The Diocese of Bridgeport was founded in 1953 as an expansion of the Diocese of Hartford. At the time of the diocese’s inception, the Bridgeport community was composed of several small communities and parishes were erected in each of these areas, creating a large geographical expanse. Today, the diocese continues to serve Bridgeport and the surrounding area with 45% of the Fairfield County population belonging to a parish. 

The diocese is also steeped in community efforts with 3 elderly living facilities, a sponsorship for 28 Catholic schools, and a close partnership with the Catholic Charities of Fairfield County, the largest private social service provider in Connecticut. 

Challenge

By design, the number of parishes grew based on the organic growth of the population in the community. Now, nearly 70 years later, the population has shifted creating an overlap of parish coverage which is made more complicated with 10 national parishes that have no set geographical bounds. 

In addition, the demographic and socioeconomic dynamics have changed greatly in the Bridgeport area. The diocese serves several ethnic communities and there is a great disparity of income between the different parishes. 

The Diocese of Bridgeport needed to make strategic plans for its parishes and schools that best suited the communities’ needs while being prudent with funding and resources.

Solution

The Diocese of Bridgeport turned to MissionInsite to gather the information needed to identify potential mergers between parishes. Leveraging MissionInsite’s mapping tools, the diocese mapped each parish, allowing them to identify parishes in close proximity. The attendance, sacraments, finances, and growth of the parishes were evaluated to confirm there was a potential financial benefit in merging. 

The diocese then mapped out the location of each parishioner in relation to these parishes. The combined data showed opportunities for mergers between parishes that would conserve diocese resources and still allowed their parishioners to worship close to home.

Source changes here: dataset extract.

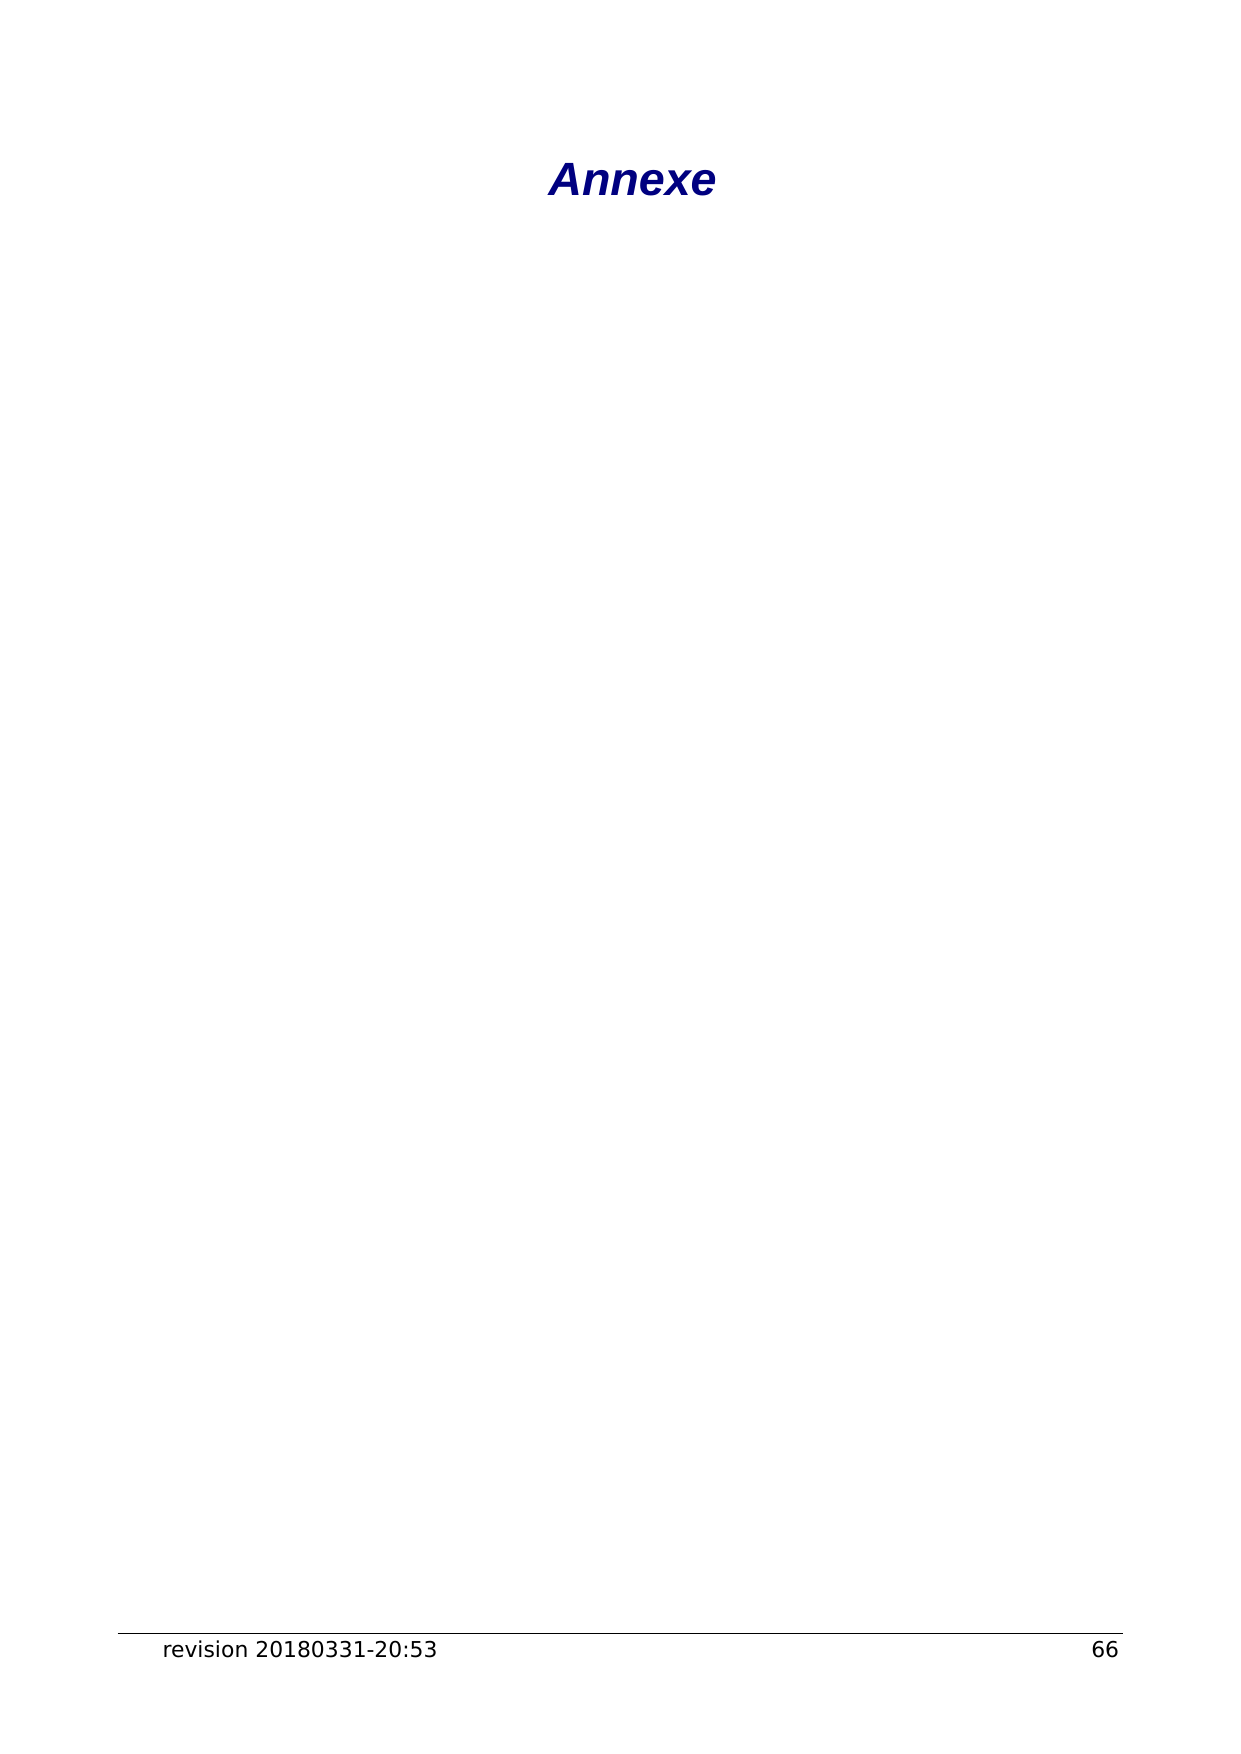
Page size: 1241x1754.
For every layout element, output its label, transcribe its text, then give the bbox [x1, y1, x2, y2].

subtitle Annexe [159, 152, 1123, 205]

Next, the diocese needed to determine if a merger made sense based on the makeup of the parishioners. The ExecutiveInsite Report in MissionInsite provided a demographic and economic breakdown, including age, racial-ethnic, phase of life, and income information about the parishioners of the parishes being evaluated. Armed with this information, the diocese felt confident the two parish communities would mesh well together. 

The Diocese of Bridgeport is also using MissionInsite to help sustain their parishes. Due to the disparity of incomes in their area, some parishes were struggling financially while others were flourishing. The Deacon looked at the economic data from parishes to identify potential sponsorship opportunities where a parish could sponsor another vibrant parish experiencing financial hardship. If a parish exceeded its goal for the Bishop’s Appeal, they could elect to donate the overage to another parish. The pilot was extremely successful, allowing each parish to stay whole and open for its parishioners.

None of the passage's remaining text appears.